The relationship between population adaptive potential and extinction risk in a changing environment is not well understood. Although the expectation is that genetic diversity is directly related to the capacity of populations to adapt, the statistical and predictive aspects of this relationship in real populations are not well known. From a conservation perspective, it is useful to understand this relationship so that genetic data may be incorporated into population viability models which traditionally rely on demographic and ecological data. Here we present an experimental design using the freshwater amphipod species Hyalella azteca and the marine mysid Americamysis bahia.
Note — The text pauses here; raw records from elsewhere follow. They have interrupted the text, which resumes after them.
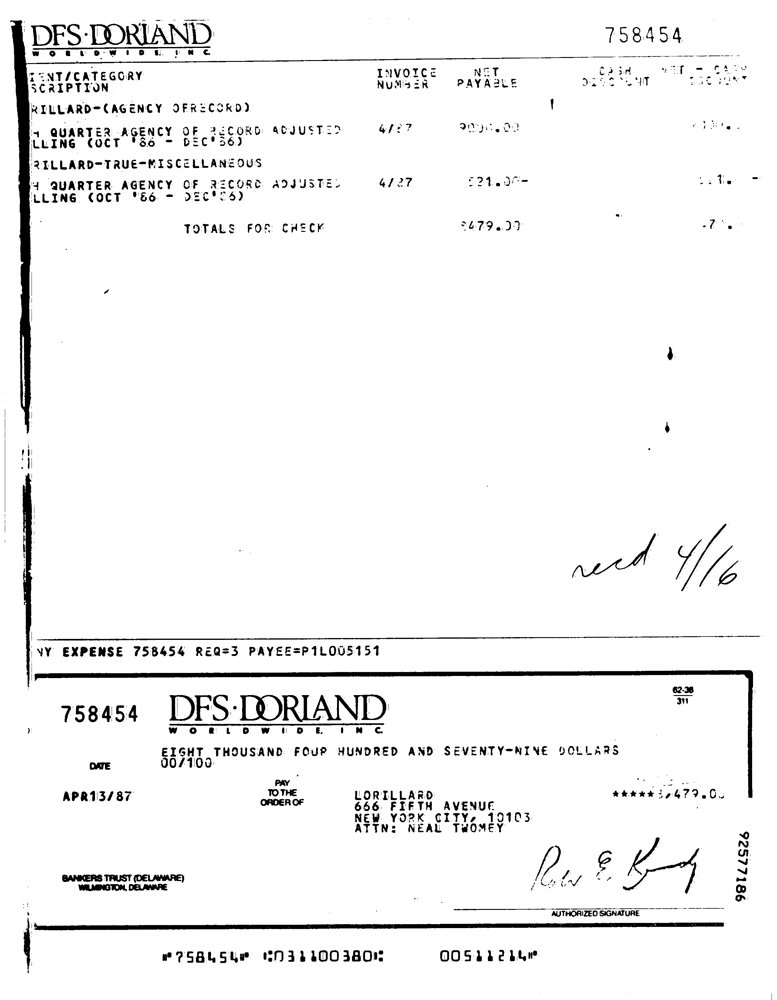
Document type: Invoice
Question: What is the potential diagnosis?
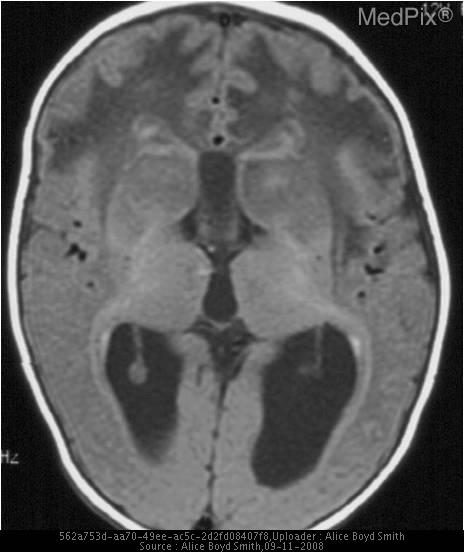
Answer: The possible diagnosis includes •  Canavan disease:  Diffuse involvement of the brain, with the subcortical U fibers involved early
•  Megaloencephalic leukoencephalopathy with subcortical cysts:  Diffuse white matter involvment (including subcortical U fibers), but spares the basal ganglia
•  Mucopolysaccharidoses: Prominent Virchow Robin spaces, and patchy, periventricular white matter signal abnormality
•  Alexander's Disease.
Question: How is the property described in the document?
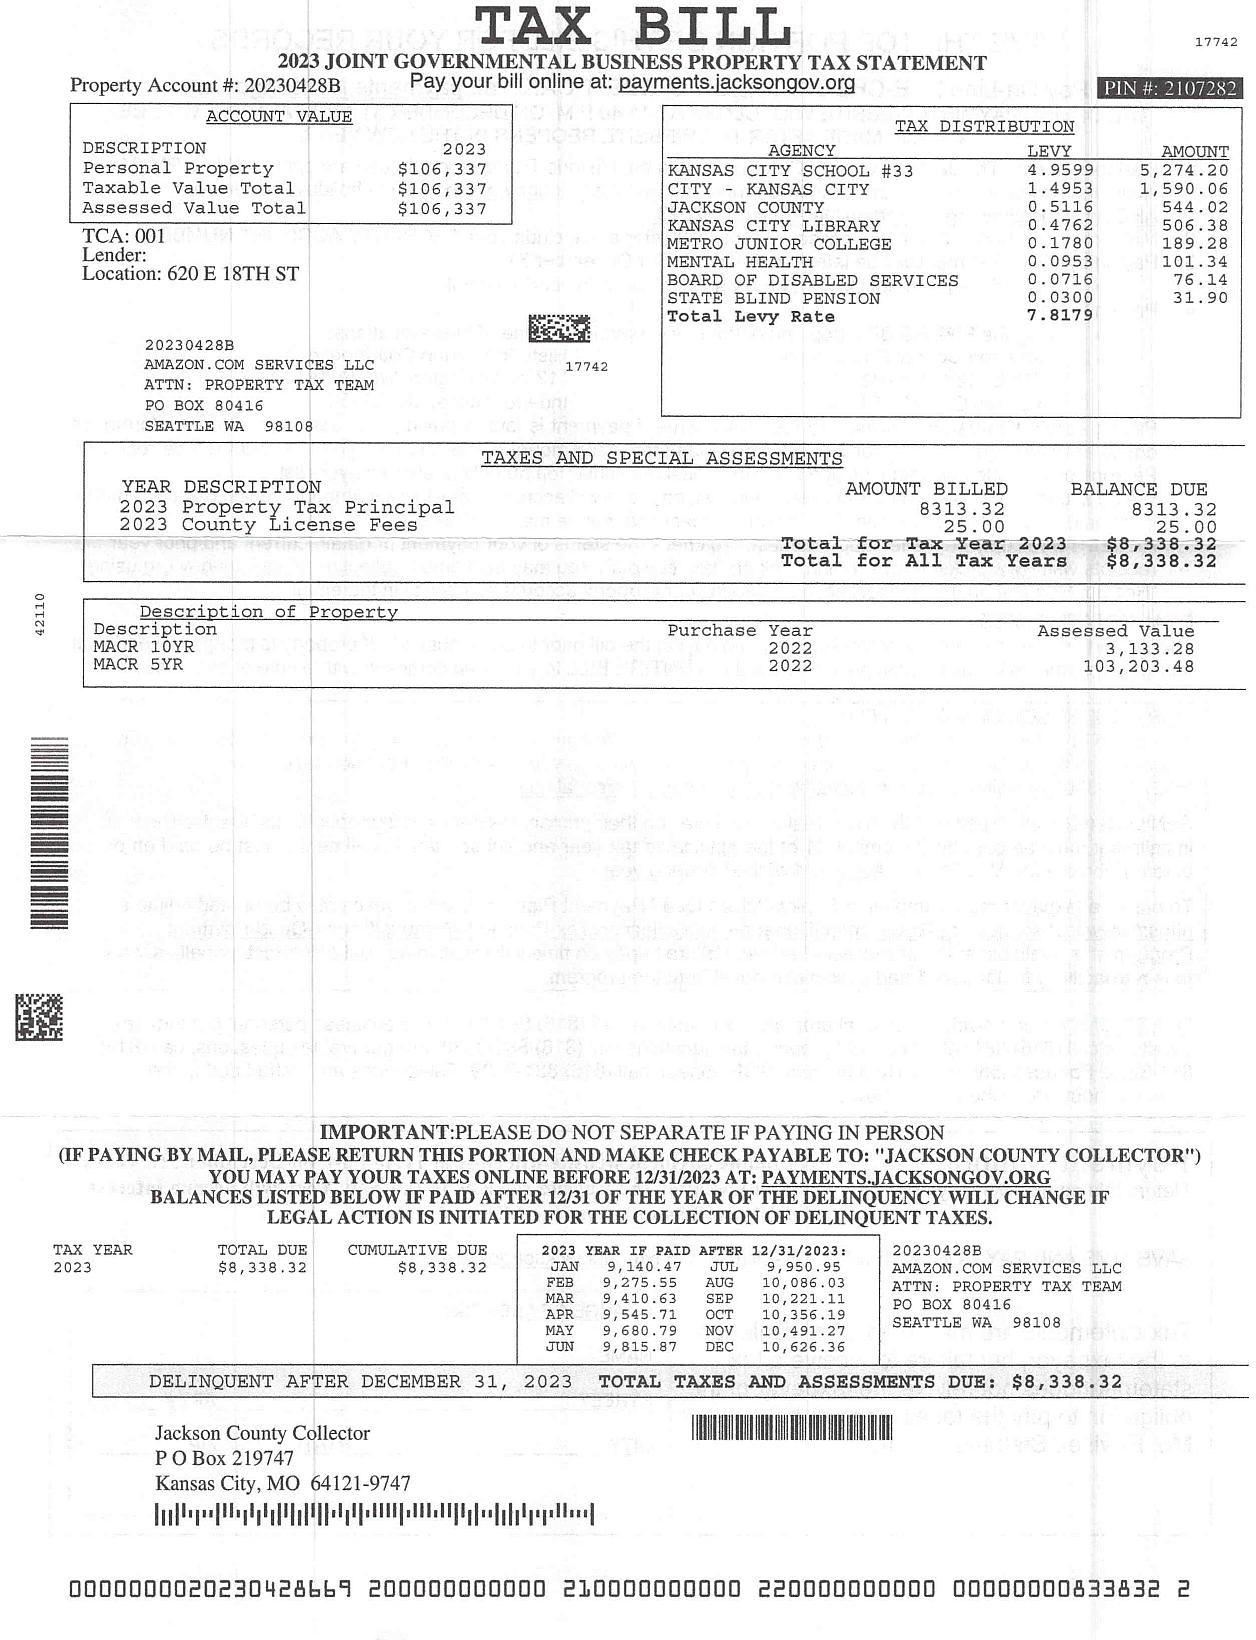
Answer: "Description MACH LOFT MACR 5TH MACR 5TH"
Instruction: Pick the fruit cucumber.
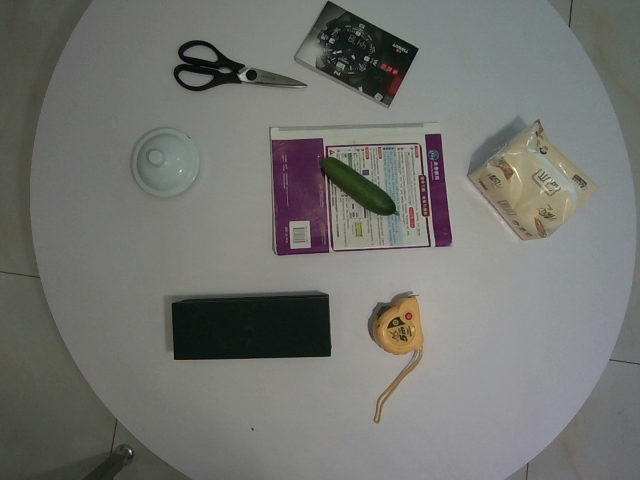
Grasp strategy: vertical

These organisms differ with respect to demographic and biogeographic constraints, and present a useful contrast with Drosophila and Tribolium laboratory models. The design involves creating inbred lines from diverse native populations. Individuals from each inbred line will be combined to form "synthetic" populations from either three or six randomly selected inbred lines in order to generate experimental populations with controlled levels of genetic diversity, and the entire set will be replicated ten times. The adaptive capacity of these "synthetic" and inbred populations will be compared to that of native populations and an "admixed" population containing genes from all sampled populations. Differences in population extinction times will be interpreted as differences in population adaptive capacity, and provide data for formal population viability analyses (PVA's). By experimentally manipulating levels of population genetic diversity, we will be able to formally assess both the relationship between genetic diversity and population viability in an increasingly hostile environment and also determine the statistical efficiency of various classes of genetic markers.

Record Details:

Record Type:DOCUMENT( PRESENTATION/ ABSTRACT)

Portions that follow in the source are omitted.